The disclosure by Uber of a data breach that occurred in October 2016 has prompted a growing number of regulators to open investigations into the company. According to Bloomberg, the breach (which Uber disclosed on November 21, 2017) involved hackers accessing the names, email addresses and phone numbers of 50 million riders and 7 million drivers and the driver’s license numbers of approximately 600,000 U.S. drivers.
Following the disclosure of circumstances of the breach and its discovery, data protection authorities (“DPAs”) in the EU have been publicly critical of the timing of the company’s disclosure. In the UK, the Information Commissioner’s Office has stated that it expects Uber to alert all affected individuals, while acknowledging that the breach is “unlikely to pose a direct threat to citizens.” Meanwhile, the president of the Italian DPA has indicated its intention to investigate the “poor transparency” demonstrated by Uber.
Uber faces its strictest penalties in the Netherlands, where its European operations are based. Dutch rules specify fines of up to €820,000 for failure to disclose a data breach. However, the timing of the breach is such that Uber will not face the more severe penalties that will come into effect with the EU General Data Protection Regulation on 25 May 2018, following which fines of up to 4% of worldwide turnover may be levied.
The Article 29 Working Party announced on Wednesday that it would be coordinating national regulatory responses to the Uber breach across the EU. (The Article 29 Working Party is an advisory body made up of a representative from the DPA of each EU Member State, the European Data Protection Supervisor and the European Commission).
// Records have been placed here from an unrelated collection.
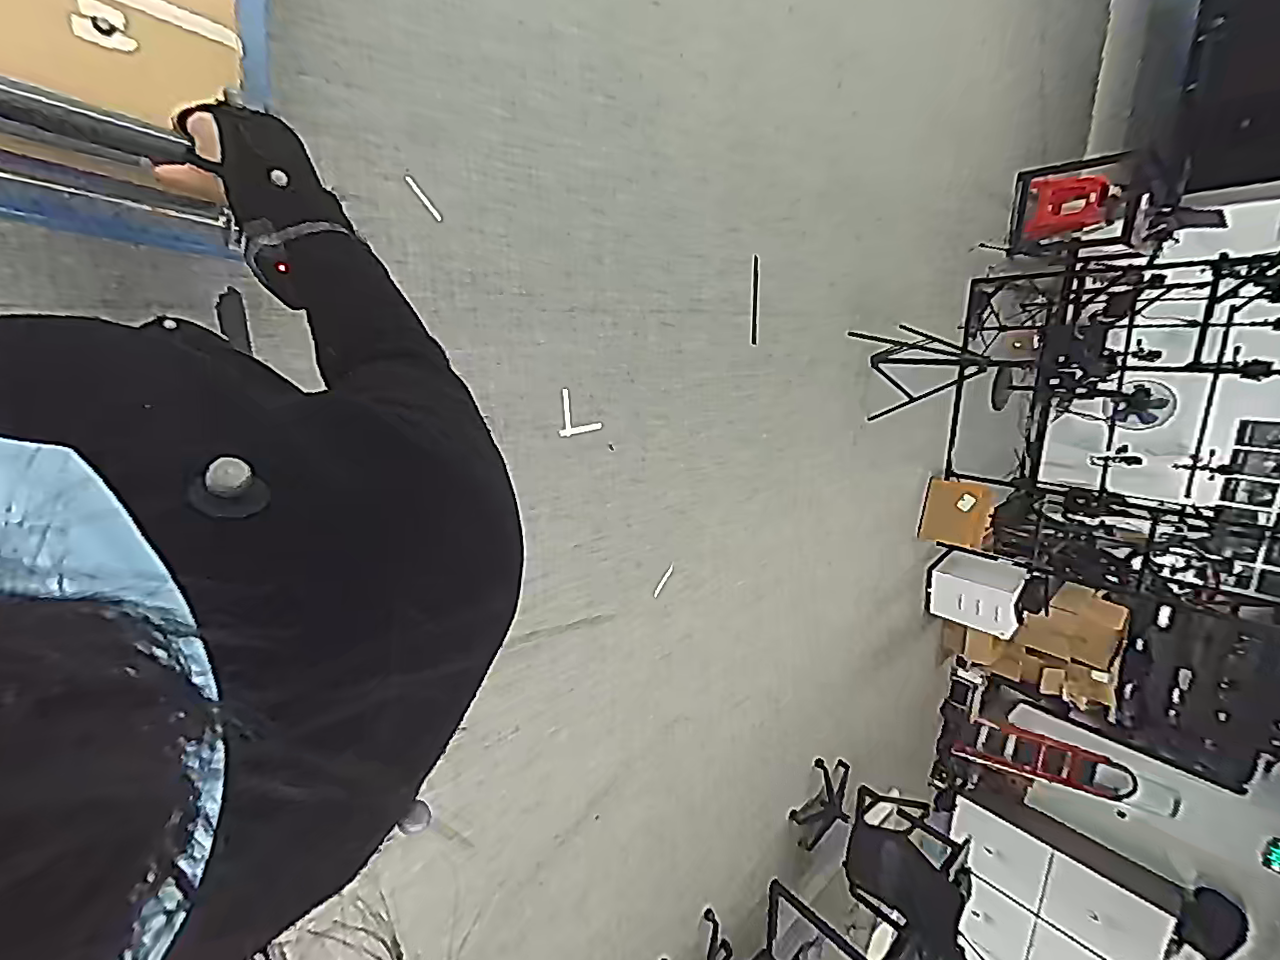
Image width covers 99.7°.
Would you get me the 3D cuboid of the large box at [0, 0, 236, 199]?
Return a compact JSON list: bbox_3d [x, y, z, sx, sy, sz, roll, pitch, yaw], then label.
[{"bbox_3d":[-0.813,-0.620,0.720,0.408,0.320,0.320,-3,103,-43],"label":"large box"}]
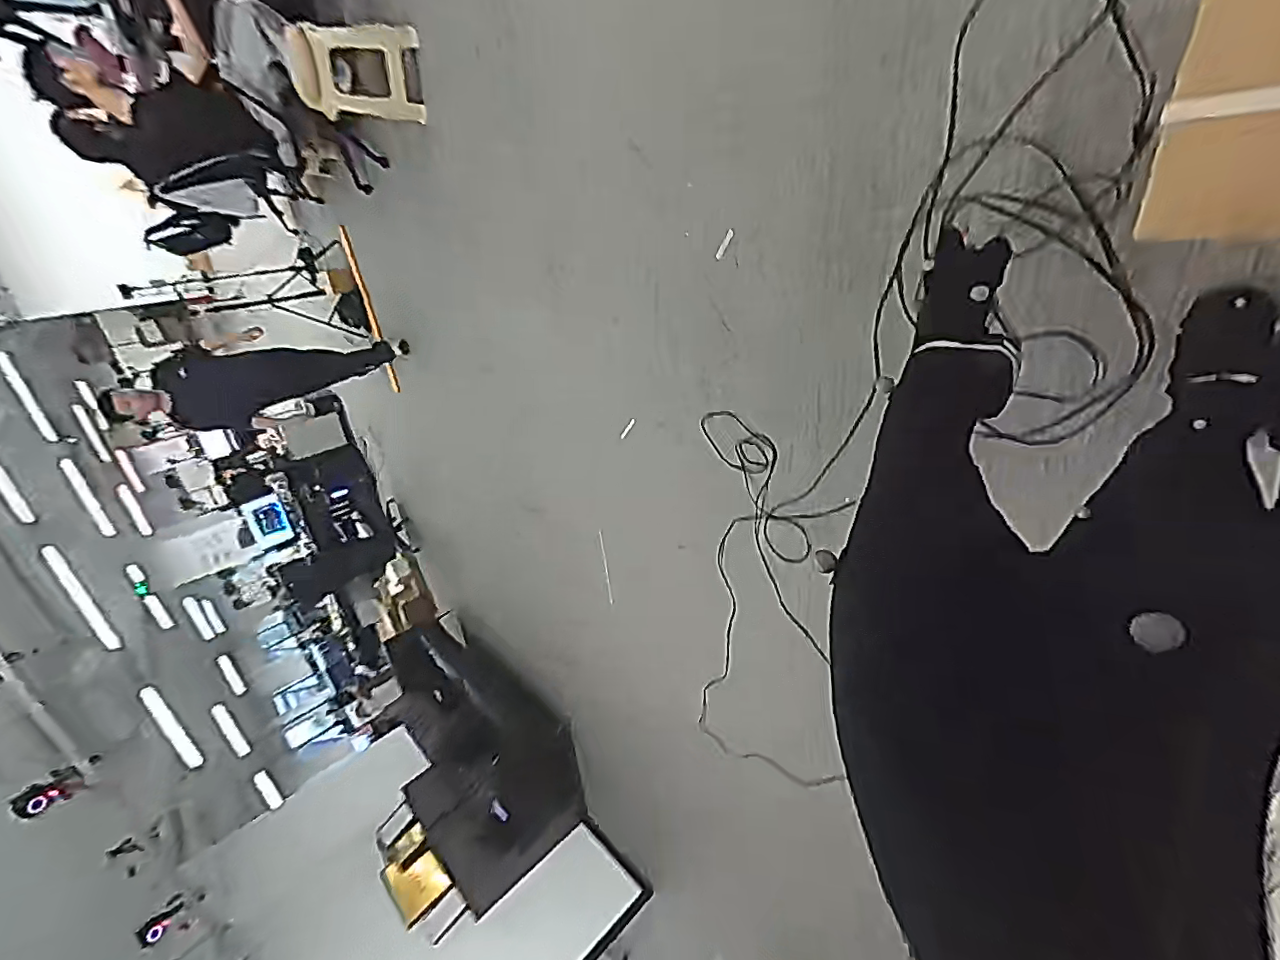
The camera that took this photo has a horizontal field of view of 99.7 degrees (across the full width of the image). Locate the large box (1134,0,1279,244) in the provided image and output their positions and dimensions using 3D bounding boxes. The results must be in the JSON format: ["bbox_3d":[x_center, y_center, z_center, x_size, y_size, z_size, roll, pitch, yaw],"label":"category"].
[{"bbox_3d":[0.938,-0.480,0.673,0.408,0.320,0.320,20,125,41],"label":"large box"}]

As part of the coordination effort, the Article 29 Working Party is establishing a task force led by the Dutch DPA, which will include representatives from DPAs in France, Italy, Spain, Belgium, Germany and the UK. Such task forces are generally reserved for the most serious cases, and have previously been established for investigations into Microsoft, Google, Facebook and Yahoo.
In the meantime, in the United States, the attorneys general of Massachusetts, Illinois, New York, Missouri and Connecticut have each announced investigations into the breach, and a class action lawsuit on behalf of affected drivers has been filed in California. In addition, Uber previously entered into a prior consent order with the Federal Trade Commission (“FTC”) in relation to another breach which occurred in 2014. The consent order prohibits Uber from misrepresenting “the extent to which [Uber] protects the privacy, confidentiality, security or integrity of any personal information.” The FTC, which has levied significant fines in the past on companies that were found to have violated its consent orders, has stated that it is “closely evaluating the serious issues raised” by the Uber breach.